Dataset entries
......
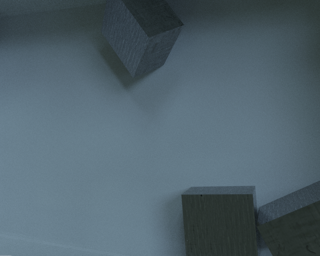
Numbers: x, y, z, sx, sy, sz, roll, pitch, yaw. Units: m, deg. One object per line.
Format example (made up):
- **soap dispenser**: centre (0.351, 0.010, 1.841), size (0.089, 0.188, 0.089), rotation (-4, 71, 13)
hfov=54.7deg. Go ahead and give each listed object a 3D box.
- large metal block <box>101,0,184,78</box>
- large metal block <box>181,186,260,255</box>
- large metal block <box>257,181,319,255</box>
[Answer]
- **large metal block**: centre (-0.026, -0.123, 0.384), size (0.050, 0.080, 0.080), rotation (-29, 78, -27)
- **large metal block**: centre (0.074, 0.114, 0.371), size (0.080, 0.050, 0.080), rotation (-5, 88, 20)
- **large metal block**: centre (0.154, 0.100, 0.327), size (0.080, 0.080, 0.050), rotation (-30, 80, 17)
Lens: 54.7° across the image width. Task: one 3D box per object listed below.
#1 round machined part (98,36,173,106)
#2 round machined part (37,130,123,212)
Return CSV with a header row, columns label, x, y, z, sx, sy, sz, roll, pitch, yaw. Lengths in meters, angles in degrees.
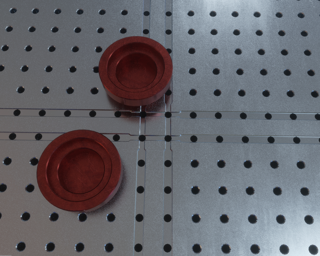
label,x,y,z,sx,sy,sz,roll,pitch,yaw
round machined part,-0.032,-0.074,0.429,0.099,0.042,0.098,0,70,-1
round machined part,-0.095,0.055,0.382,0.099,0.042,0.098,0,70,-1
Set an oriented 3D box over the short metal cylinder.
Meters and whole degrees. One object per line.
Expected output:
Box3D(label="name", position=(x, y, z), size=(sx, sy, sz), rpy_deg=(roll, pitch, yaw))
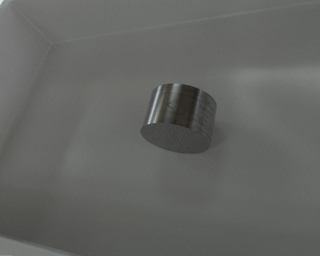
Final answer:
Box3D(label="short metal cylinder", position=(0.023, -0.009, 0.363), size=(0.080, 0.080, 0.050), rpy_deg=(1, 63, 28))
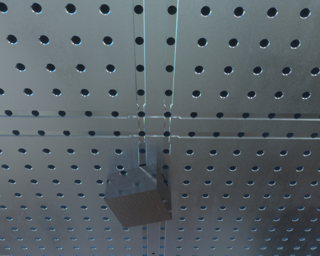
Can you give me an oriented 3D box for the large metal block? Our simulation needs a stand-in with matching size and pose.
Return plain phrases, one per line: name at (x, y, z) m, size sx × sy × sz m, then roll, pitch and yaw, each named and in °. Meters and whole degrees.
large metal block at (-0.032, 0.108, 0.487) m, size 0.080 × 0.050 × 0.080 m, roll -13°, pitch 129°, yaw 10°
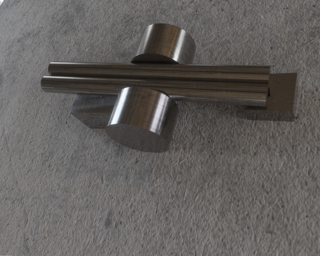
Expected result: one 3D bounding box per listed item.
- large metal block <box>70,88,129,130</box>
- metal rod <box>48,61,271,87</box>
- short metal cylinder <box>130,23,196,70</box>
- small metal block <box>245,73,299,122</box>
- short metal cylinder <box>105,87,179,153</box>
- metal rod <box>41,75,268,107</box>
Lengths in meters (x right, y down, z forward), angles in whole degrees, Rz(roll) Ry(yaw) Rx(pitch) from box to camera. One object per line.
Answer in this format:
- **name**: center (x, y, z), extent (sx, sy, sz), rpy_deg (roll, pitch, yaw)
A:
- **large metal block**: center (-0.072, -0.044, 0.454), extent (0.080, 0.050, 0.080), rpy_deg (2, 63, 29)
- **metal rod**: center (-0.017, -0.071, 0.400), extent (0.301, 0.025, 0.025), rpy_deg (6, 64, 22)
- **short metal cylinder**: center (0.005, -0.096, 0.426), extent (0.080, 0.080, 0.050), rpy_deg (2, 63, 29)
- **small metal block**: center (0.131, -0.035, 0.359), extent (0.050, 0.025, 0.050), rpy_deg (3, 63, 30)
- **short metal cylinder**: center (-0.021, -0.008, 0.386), extent (0.080, 0.080, 0.050), rpy_deg (2, 63, 29)
- **metal rod**: center (-0.023, -0.049, 0.390), extent (0.301, 0.025, 0.025), rpy_deg (6, 64, 22)
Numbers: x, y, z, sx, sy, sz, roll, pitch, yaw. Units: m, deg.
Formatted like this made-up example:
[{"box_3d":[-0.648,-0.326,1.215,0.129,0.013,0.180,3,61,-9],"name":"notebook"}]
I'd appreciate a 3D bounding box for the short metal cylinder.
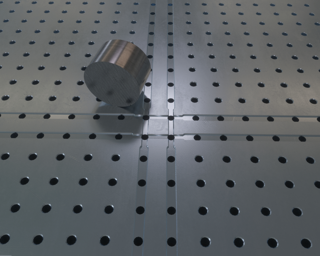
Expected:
[{"box_3d":[-0.059,-0.076,0.436,0.080,0.080,0.050,12,51,10],"name":"short metal cylinder"}]
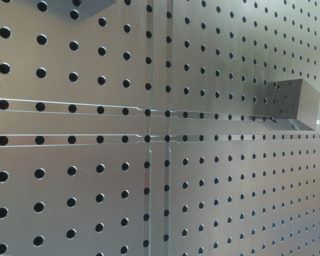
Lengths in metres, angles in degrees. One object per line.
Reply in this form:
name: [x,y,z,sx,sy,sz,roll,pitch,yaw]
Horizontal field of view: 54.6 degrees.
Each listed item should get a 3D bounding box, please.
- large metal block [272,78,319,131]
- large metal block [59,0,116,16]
large metal block: [0.274,-0.044,0.620,0.080,0.050,0.080,21,77,-38]
large metal block: [-0.086,-0.176,0.319,0.081,0.050,0.080,14,82,-39]
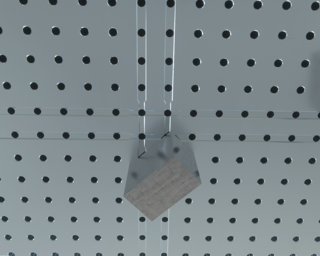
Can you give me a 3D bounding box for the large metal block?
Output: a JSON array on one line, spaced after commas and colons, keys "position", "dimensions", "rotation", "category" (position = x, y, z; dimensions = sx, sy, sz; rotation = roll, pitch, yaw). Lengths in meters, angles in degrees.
[{"position": [0.003, 0.060, 0.406], "dimensions": [0.080, 0.080, 0.050], "rotation": [-40, 106, 13], "category": "large metal block"}]
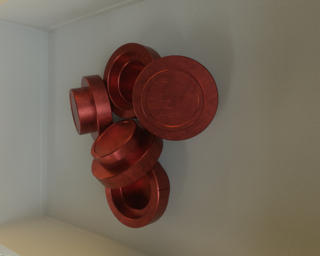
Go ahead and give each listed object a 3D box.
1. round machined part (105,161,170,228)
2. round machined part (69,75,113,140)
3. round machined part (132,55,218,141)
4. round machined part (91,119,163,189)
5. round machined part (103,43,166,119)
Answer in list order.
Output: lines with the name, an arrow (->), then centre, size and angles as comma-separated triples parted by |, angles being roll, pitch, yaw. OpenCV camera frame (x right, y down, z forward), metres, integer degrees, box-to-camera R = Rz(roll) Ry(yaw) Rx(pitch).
round machined part -> -0.025, 0.079, 0.414 | 0.098, 0.042, 0.097 | 0, 90, 40
round machined part -> -0.104, -0.026, 0.451 | 0.098, 0.042, 0.097 | 168, 90, -68
round machined part -> 0.016, -0.033, 0.351 | 0.098, 0.042, 0.097 | 2, 101, 9
round machined part -> -0.048, 0.026, 0.397 | 0.098, 0.098, 0.042 | -8, 129, 39
round machined part -> -0.029, -0.061, 0.416 | 0.098, 0.042, 0.097 | 0, 90, 40
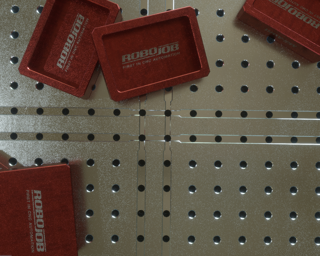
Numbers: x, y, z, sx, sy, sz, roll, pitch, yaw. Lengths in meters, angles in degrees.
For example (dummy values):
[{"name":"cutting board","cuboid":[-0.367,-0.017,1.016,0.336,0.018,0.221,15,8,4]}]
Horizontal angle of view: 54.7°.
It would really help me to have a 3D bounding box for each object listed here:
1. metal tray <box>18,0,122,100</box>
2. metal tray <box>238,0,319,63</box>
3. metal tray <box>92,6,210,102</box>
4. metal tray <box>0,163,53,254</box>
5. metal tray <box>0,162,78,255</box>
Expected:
[{"name":"metal tray","cuboid":[-0.116,-0.114,0.409,0.090,0.030,0.129,22,90,-1]},{"name":"metal tray","cuboid":[0.183,-0.159,0.413,0.130,0.030,0.090,30,90,-1]},{"name":"metal tray","cuboid":[-0.011,-0.093,0.393,0.131,0.030,0.089,-17,99,-11]},{"name":"metal tray","cuboid":[-0.220,0.102,0.408,0.130,0.030,0.090,37,90,-1]},{"name":"metal tray","cuboid":[-0.156,0.114,0.391,0.091,0.030,0.129,-5,90,-20]}]
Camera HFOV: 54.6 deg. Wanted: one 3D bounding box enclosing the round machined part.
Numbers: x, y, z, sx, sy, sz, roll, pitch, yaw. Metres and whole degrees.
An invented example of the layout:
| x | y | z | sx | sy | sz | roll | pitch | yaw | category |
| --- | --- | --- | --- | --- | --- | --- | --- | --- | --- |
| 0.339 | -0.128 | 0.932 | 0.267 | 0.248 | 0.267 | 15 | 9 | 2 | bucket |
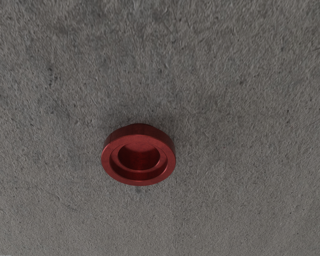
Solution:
| x | y | z | sx | sy | sz | roll | pitch | yaw | category |
| --- | --- | --- | --- | --- | --- | --- | --- | --- | --- |
| -0.028 | 0.032 | 0.423 | 0.099 | 0.042 | 0.097 | 0 | 130 | 0 | round machined part |
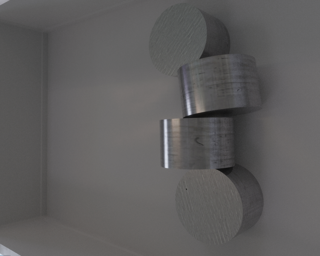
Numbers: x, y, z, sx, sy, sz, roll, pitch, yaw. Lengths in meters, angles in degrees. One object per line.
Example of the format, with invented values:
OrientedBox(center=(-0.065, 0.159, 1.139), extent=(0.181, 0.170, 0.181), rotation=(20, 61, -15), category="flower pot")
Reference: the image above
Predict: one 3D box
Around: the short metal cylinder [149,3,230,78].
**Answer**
OrientedBox(center=(0.034, -0.098, 0.362), extent=(0.080, 0.050, 0.080), rotation=(0, 89, 40), category="short metal cylinder")

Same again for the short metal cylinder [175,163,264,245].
OrientedBox(center=(0.064, 0.079, 0.338), extent=(0.080, 0.050, 0.080), rotation=(0, 90, 40), category="short metal cylinder")

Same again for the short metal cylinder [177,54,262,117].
OrientedBox(center=(0.061, -0.039, 0.321), extent=(0.080, 0.081, 0.050), rotation=(-10, 84, 39), category="short metal cylinder")

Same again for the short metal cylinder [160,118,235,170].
OrientedBox(center=(0.040, 0.015, 0.338), extent=(0.080, 0.081, 0.050), rotation=(-2, 89, 40), category="short metal cylinder")
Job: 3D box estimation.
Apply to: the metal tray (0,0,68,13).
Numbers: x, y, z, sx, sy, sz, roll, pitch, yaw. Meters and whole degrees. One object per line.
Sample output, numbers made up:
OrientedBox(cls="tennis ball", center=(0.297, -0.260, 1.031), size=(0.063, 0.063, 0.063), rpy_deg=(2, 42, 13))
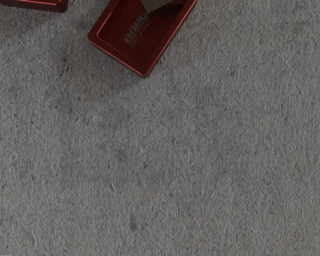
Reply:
OrientedBox(cls="metal tray", center=(-0.163, -0.225, 0.405), size=(0.091, 0.030, 0.129), rpy_deg=(7, 90, 0))

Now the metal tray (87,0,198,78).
OrientedBox(cls="metal tray", center=(-0.021, -0.143, 0.407), size=(0.090, 0.030, 0.130), rpy_deg=(33, 90, 0))

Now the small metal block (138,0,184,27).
OrientedBox(cls="small metal block", center=(0.002, -0.156, 0.385), size=(0.050, 0.050, 0.025), rpy_deg=(-29, 90, 0))
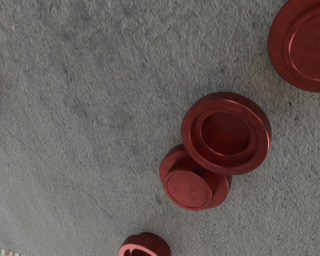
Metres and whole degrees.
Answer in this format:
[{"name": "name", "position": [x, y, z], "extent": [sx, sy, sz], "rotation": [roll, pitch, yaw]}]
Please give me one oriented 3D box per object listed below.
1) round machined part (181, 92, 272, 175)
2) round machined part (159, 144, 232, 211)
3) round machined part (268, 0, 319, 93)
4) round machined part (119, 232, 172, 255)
[{"name": "round machined part", "position": [0.077, 0.003, 0.357], "extent": [0.098, 0.042, 0.097], "rotation": [13, 124, 21]}, {"name": "round machined part", "position": [0.043, 0.073, 0.418], "extent": [0.098, 0.042, 0.097], "rotation": [13, 124, 21]}, {"name": "round machined part", "position": [0.146, -0.075, 0.272], "extent": [0.098, 0.042, 0.097], "rotation": [13, 124, 21]}, {"name": "round machined part", "position": [-0.020, 0.223, 0.544], "extent": [0.098, 0.042, 0.097], "rotation": [13, 124, 21]}]
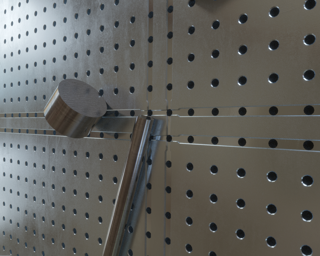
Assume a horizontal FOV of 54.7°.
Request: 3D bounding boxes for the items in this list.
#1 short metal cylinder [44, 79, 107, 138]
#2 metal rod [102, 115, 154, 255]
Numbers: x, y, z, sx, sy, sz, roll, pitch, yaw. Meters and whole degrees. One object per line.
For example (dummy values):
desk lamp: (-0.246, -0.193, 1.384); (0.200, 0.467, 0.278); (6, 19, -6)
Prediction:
......
§ **Exercise description**: Only the lines above starting with the one with "Same again for the short metal cylinder [160,118,235,170]." and going through the one with "rpy_deg=(2, 42, 13))" are to be copied, word for word and with both ends kept.

§ **Problem solution**:
Same again for the short metal cylinder [160,118,235,170].
OrientedBox(center=(0.040, 0.015, 0.338), extent=(0.080, 0.081, 0.050), rotation=(-2, 89, 40), category="short metal cylinder")
Job: 3D box estimation.
Apply to: the metal tray (0,0,68,13).
Numbers: x, y, z, sx, sy, sz, roll, pitch, yaw. Meters and whole degrees. One object per line.
Sample output, numbers made up:
OrientedBox(cls="tennis ball", center=(0.297, -0.260, 1.031), size=(0.063, 0.063, 0.063), rpy_deg=(2, 42, 13))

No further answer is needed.